His fears are weird and sometimes go beyond what you would expect from a dog. When we travel in the motorhome he wears a harness and is strapped into a seatbelt holder just behind the passenger seat, he knows that when the harness is on he needs to lay between the seats and be clipped in, when we went to Scotland last Easter we couldn't find the harness but we needed to get going so decided this once to set off without it on, he just would not settle and after 2 hours and actually travelling only 20 miles (roadworks and traffic) we decided to stop for lunch, we found his harness put it on and he settled down.


----------



## JLO (Sep 27, 2006)

I have spoken to a pet behaviour therapist who trained with Jan Fennell and he told me I was doing all the correct things. I am very much of the Cesar Milan way of bringing up a dog (before I had even heard of him) 

A dog is a pack animal and I am the pack leader as far a my dog is concerned, occasionally I still have to remind him of that, usually with him it is as simple as making him do a bit of heel work, sit stay etc, I never let him go through a door before me, he dosn't eat until I give the command. 

I looked after my nieces mini schnauzer and he and I had a bit of a stand off when he first arrived and started trying to assert his authority, all I did with him was block his path into the house until he realised who was boss and then he was fine, he still did his other schnauzer things like emptying the greenhouse of anything he could find and keeping all the birds out of the garden but I can live with that.


----------



## zulurita (May 9, 2005)

Zylkene tablets are good and a natural product.

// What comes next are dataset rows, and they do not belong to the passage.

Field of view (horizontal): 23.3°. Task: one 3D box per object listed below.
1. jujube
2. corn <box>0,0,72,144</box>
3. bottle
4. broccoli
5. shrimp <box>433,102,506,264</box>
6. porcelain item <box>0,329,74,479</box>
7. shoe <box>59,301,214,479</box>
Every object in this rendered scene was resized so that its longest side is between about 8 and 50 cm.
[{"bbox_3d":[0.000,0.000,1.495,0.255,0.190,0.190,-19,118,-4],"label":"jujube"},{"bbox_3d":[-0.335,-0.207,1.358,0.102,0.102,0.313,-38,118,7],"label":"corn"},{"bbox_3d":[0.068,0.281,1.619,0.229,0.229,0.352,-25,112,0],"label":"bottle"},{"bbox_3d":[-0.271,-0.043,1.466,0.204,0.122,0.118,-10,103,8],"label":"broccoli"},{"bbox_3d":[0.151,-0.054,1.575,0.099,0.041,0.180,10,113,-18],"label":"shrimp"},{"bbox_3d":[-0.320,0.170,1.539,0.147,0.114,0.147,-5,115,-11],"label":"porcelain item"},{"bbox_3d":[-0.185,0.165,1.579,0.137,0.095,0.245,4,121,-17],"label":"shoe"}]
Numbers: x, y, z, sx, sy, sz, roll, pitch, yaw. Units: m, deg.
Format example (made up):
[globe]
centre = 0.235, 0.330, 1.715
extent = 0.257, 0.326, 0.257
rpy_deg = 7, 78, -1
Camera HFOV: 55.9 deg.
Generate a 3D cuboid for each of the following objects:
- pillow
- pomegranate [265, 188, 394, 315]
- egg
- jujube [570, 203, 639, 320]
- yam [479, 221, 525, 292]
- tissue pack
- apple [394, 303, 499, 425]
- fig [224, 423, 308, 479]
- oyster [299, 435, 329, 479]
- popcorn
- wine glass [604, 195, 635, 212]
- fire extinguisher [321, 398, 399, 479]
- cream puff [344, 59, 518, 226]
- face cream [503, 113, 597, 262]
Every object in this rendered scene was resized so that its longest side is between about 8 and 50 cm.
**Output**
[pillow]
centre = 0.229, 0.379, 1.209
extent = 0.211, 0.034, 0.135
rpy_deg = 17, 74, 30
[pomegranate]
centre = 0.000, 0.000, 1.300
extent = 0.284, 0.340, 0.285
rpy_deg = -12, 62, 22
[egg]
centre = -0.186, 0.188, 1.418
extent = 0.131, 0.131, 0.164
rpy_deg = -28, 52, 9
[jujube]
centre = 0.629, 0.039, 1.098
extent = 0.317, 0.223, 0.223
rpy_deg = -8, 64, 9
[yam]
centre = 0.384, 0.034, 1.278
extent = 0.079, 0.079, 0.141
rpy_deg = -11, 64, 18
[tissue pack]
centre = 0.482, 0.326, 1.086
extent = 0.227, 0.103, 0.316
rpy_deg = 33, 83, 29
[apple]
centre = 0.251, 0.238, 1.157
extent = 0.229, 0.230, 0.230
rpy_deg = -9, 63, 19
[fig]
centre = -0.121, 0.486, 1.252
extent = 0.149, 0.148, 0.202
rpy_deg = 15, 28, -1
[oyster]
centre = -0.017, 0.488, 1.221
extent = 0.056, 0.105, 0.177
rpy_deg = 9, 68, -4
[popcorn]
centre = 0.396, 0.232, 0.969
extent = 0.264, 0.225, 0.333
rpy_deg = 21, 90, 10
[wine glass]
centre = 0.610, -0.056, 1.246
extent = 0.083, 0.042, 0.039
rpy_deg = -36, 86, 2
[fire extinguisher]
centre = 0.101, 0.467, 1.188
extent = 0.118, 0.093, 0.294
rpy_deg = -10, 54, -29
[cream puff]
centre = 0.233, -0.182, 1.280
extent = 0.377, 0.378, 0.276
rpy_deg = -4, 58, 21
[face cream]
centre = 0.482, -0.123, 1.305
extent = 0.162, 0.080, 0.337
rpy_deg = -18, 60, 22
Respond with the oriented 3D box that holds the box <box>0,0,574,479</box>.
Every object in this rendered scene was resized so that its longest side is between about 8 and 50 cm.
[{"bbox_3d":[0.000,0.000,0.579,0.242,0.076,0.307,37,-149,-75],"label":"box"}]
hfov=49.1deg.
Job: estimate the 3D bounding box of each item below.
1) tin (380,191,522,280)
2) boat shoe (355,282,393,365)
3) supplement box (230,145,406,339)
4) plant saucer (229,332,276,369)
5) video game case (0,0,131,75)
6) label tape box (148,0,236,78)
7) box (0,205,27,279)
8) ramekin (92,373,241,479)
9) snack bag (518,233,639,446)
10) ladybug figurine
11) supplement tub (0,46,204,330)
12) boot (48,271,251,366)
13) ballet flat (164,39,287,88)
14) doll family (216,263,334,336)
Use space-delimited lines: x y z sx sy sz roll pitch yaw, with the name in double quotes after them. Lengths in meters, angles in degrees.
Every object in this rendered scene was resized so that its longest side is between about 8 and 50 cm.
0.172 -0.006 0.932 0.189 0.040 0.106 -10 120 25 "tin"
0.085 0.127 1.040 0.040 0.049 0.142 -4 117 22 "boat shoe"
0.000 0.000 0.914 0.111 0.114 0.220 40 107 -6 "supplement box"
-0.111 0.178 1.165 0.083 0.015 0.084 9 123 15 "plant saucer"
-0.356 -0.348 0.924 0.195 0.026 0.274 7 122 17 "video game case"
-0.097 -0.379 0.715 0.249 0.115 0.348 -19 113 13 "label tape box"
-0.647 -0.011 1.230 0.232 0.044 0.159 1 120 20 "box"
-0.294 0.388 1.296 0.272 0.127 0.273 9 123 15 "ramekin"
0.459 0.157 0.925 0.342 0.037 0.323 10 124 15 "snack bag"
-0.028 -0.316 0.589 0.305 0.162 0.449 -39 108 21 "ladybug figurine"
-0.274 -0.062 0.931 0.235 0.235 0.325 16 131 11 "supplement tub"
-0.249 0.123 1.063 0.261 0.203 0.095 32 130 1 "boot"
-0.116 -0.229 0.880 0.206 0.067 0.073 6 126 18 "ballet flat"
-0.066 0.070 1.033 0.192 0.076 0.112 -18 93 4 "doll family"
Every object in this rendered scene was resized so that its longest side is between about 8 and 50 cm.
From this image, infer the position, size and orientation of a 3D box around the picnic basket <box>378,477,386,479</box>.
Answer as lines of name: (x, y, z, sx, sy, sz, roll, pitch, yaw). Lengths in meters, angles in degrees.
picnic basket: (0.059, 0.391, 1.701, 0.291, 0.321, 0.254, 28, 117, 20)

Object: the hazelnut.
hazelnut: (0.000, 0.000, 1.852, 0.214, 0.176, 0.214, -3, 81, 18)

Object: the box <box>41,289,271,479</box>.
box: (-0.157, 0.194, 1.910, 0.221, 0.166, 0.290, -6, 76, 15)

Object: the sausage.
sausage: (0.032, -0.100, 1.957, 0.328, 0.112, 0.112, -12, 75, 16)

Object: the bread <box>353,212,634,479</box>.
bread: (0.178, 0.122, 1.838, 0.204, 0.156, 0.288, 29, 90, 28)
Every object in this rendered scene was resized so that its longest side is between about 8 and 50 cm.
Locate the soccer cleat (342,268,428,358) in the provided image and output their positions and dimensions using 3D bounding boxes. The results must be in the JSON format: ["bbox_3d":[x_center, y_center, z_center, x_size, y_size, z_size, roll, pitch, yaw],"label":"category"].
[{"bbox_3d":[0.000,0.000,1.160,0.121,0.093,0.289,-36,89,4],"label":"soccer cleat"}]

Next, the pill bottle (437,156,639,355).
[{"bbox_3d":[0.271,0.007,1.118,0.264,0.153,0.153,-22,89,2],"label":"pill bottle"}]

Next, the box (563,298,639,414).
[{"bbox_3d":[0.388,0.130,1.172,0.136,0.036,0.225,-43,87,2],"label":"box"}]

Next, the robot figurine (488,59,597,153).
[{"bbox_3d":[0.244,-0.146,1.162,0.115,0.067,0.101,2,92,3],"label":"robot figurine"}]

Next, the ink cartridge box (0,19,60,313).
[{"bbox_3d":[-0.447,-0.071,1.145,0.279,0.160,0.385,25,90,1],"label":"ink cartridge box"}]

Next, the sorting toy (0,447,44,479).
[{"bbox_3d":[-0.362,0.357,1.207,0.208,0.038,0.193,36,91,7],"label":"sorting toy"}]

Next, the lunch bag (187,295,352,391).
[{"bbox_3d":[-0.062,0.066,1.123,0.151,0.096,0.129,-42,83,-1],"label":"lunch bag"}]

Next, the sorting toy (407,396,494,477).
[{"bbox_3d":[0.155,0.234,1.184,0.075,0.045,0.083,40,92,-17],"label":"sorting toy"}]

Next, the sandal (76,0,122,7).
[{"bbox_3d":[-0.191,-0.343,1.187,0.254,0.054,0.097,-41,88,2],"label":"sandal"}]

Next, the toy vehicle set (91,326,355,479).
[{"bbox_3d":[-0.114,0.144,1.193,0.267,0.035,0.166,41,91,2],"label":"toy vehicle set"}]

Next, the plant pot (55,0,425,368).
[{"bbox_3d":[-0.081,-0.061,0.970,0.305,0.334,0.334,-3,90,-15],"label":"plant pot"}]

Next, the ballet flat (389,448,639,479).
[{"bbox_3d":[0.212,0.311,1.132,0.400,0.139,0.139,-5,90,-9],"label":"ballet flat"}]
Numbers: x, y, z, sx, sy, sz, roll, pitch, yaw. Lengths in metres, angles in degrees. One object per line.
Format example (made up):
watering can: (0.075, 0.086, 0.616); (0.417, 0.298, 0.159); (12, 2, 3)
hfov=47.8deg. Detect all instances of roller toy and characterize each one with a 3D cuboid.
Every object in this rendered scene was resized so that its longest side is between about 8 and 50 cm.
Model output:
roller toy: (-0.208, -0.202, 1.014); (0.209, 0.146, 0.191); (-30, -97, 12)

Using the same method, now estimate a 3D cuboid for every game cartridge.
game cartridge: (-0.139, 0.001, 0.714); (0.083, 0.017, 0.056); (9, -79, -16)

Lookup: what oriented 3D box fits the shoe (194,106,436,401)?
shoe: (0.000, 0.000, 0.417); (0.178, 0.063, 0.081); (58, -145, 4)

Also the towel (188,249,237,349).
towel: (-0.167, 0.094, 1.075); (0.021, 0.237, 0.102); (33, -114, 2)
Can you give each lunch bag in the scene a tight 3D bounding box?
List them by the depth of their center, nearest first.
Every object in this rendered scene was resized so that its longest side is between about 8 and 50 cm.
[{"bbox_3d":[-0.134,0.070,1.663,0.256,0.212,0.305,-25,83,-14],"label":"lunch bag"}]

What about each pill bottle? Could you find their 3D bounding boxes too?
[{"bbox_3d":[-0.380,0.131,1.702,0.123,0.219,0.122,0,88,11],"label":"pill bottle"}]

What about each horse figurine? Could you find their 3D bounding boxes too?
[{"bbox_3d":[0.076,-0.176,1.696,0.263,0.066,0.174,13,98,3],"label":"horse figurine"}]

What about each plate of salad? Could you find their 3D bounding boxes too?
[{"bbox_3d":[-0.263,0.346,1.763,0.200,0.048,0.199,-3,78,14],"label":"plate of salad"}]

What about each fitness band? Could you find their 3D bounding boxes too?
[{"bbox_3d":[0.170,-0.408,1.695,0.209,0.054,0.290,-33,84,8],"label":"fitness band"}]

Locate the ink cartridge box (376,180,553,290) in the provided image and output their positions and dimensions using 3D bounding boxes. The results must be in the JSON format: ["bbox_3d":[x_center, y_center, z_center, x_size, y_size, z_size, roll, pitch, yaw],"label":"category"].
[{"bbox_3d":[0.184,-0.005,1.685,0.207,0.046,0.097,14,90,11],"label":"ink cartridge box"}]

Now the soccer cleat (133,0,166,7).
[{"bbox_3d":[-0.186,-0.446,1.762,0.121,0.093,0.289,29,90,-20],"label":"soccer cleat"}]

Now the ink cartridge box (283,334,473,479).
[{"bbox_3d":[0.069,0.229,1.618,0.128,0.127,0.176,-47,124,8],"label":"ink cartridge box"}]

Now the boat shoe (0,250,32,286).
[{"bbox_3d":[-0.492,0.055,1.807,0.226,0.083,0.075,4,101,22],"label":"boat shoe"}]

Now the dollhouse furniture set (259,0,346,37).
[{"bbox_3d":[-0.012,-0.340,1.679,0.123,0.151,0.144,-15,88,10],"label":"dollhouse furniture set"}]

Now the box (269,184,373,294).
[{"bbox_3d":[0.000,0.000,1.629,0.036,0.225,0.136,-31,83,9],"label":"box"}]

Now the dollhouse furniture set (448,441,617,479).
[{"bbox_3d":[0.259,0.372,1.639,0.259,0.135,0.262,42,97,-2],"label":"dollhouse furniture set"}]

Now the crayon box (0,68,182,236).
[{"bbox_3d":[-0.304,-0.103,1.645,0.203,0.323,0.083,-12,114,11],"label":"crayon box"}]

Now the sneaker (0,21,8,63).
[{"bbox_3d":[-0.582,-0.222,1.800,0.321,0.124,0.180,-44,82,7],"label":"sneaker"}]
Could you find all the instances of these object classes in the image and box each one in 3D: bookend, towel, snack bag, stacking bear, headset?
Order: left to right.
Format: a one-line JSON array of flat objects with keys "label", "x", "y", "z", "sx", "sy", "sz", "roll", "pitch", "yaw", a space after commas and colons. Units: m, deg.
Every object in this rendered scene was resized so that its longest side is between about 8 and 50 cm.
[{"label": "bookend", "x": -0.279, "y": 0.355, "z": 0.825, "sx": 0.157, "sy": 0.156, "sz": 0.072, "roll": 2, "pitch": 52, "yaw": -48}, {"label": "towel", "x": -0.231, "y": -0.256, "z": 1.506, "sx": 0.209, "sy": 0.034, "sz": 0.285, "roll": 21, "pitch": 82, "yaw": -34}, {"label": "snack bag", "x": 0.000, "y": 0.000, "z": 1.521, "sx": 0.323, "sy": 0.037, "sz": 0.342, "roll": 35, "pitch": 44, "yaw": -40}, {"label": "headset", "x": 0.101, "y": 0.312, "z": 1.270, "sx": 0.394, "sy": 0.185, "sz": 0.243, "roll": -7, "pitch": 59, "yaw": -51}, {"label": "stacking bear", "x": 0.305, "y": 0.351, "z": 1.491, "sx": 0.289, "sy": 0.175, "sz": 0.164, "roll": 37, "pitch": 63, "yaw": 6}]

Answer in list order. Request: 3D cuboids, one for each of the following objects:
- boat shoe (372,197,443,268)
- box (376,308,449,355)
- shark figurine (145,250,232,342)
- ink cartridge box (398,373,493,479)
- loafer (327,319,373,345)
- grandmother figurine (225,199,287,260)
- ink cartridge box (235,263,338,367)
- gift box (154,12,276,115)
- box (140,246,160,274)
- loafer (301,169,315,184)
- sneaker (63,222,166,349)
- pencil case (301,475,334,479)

We bought ours from Vet UK online and it came with a CD to help de stress dogs.


----------



## raynipper (Aug 4, 2008)

We had a Lab/Dane cross for 12 years. Got him from Battersea Dogs Home. I assumed he would make a good gun dog but at the first bang he returned to me put his head between my legs and shook.

All his life he was afraid of bangs and thunder. Would try and bury himself before a storm. Nov.5th. he had to sit on the settee between us both. 

Beautiful pet/companion for 12 years. Sadly missed.

Ray.


----------



## riverboat2001 (Apr 2, 2009)

Hiya, 
When we first got our rescue dog she had loads of "issues" with, amongst other things included having her feet touched, being brushed, being toweled, and having her collar touched.

She would turn her teeth up and it was quite scary. It was all fear based and not aggresive as such.
However we got past all of this by putting the brush on the floor and bribing her with copious amounts of cheese or chicken or some other REALLY tasty morsel, and then the next step had us hold the brush in one hand and feeding her from the other, then touching the brush (non bristle side) against her fur, then running it along her fur.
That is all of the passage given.